Supplied records section start

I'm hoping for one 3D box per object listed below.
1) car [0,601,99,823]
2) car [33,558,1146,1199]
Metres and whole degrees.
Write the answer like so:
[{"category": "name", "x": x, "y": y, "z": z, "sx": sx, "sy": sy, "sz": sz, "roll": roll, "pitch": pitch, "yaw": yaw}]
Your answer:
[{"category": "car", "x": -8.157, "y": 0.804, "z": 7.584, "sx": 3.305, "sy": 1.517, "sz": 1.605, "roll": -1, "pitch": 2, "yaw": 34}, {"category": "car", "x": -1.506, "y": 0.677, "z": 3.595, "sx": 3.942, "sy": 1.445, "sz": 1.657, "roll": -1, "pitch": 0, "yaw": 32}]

Supplied records section end
Supplied records section start

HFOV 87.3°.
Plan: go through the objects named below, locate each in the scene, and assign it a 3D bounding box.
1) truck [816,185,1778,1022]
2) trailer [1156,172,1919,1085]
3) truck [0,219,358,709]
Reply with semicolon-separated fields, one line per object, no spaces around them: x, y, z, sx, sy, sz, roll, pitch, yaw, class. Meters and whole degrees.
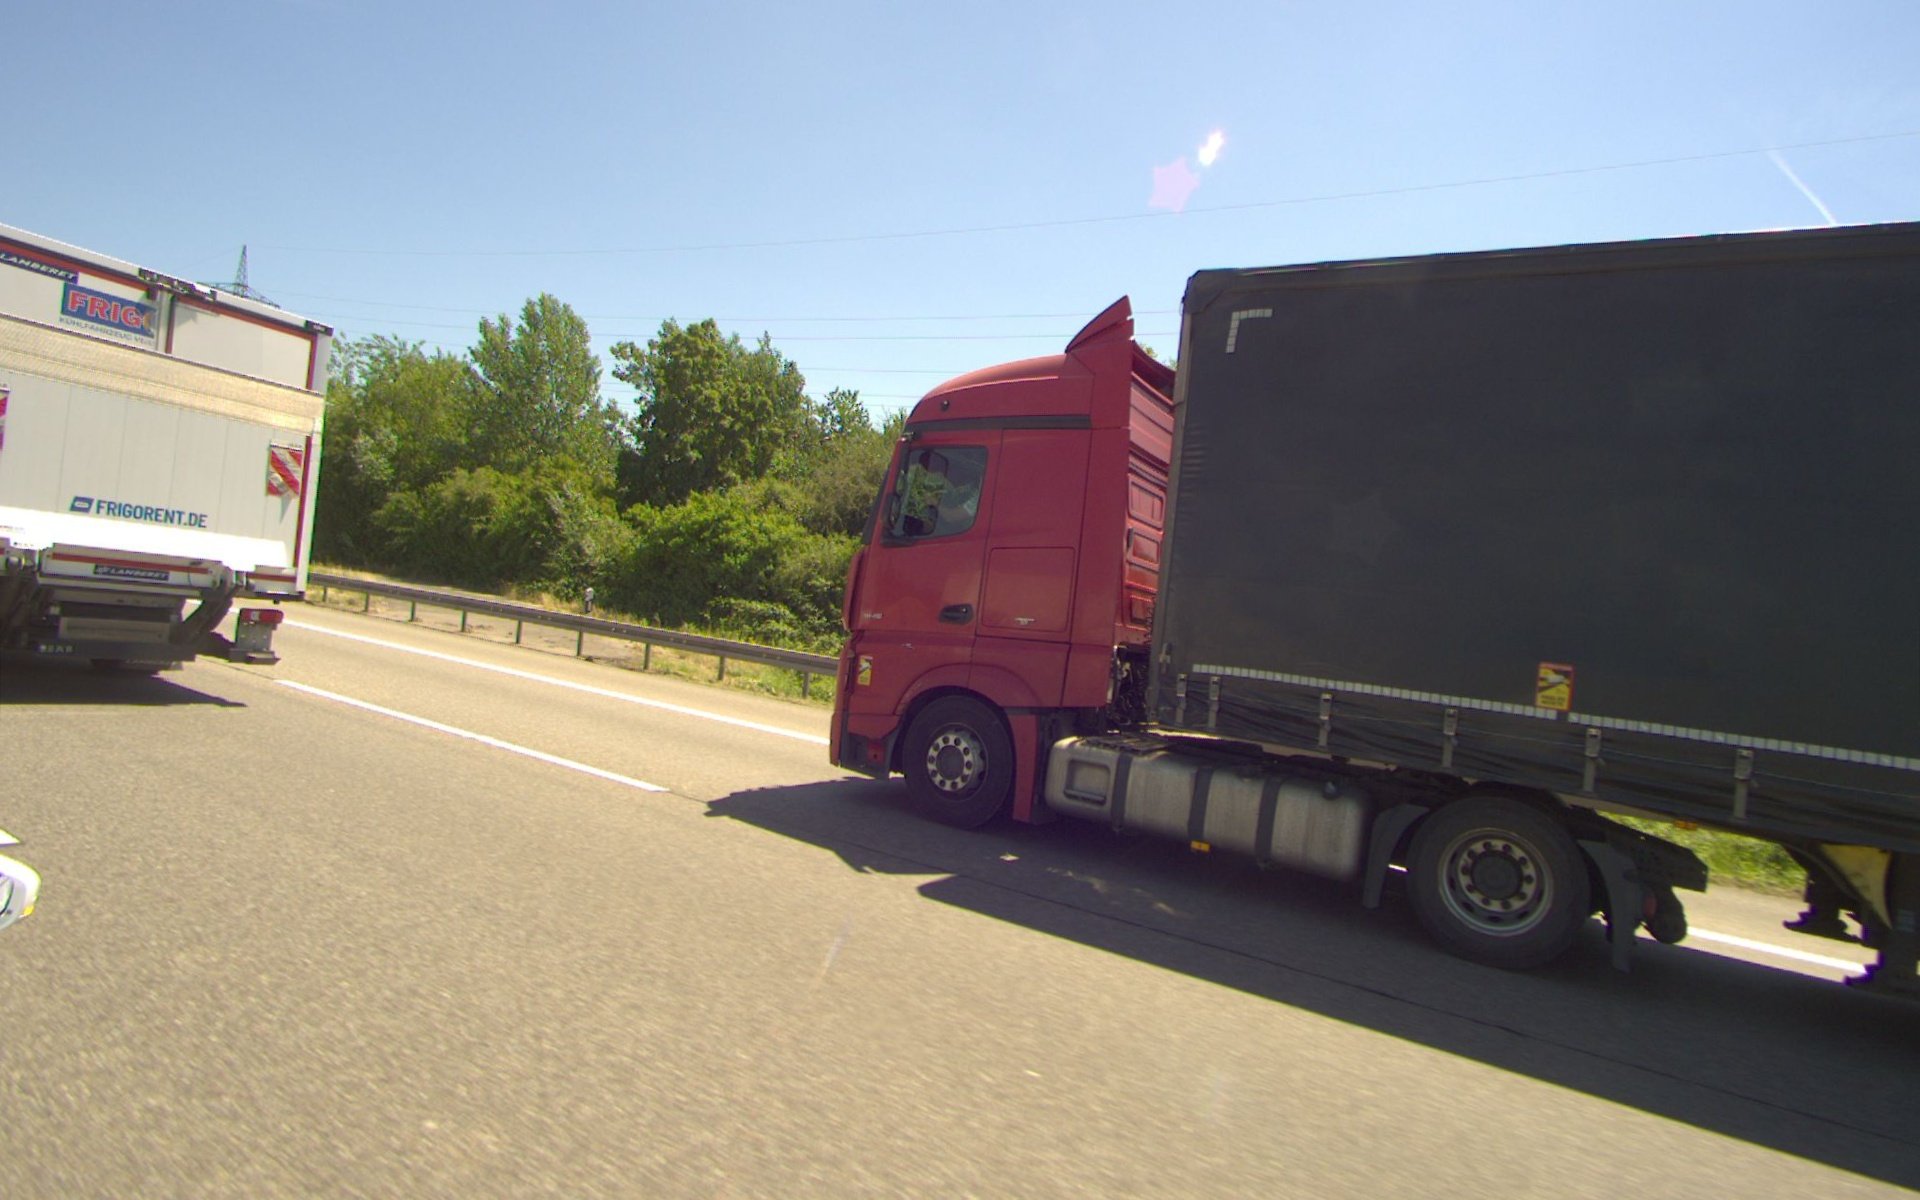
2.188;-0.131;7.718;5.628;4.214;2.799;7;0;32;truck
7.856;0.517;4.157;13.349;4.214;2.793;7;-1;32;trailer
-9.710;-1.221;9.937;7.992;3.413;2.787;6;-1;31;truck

Supplied records section end

Problem requirements >> If a line in the entries contains the word "below", copy that line out.

Response to this exercise >>
I'm hoping for one 3D box per object listed below.
Plan: go through the objects named below, locate each in the scene, and assign it a 3D bounding box.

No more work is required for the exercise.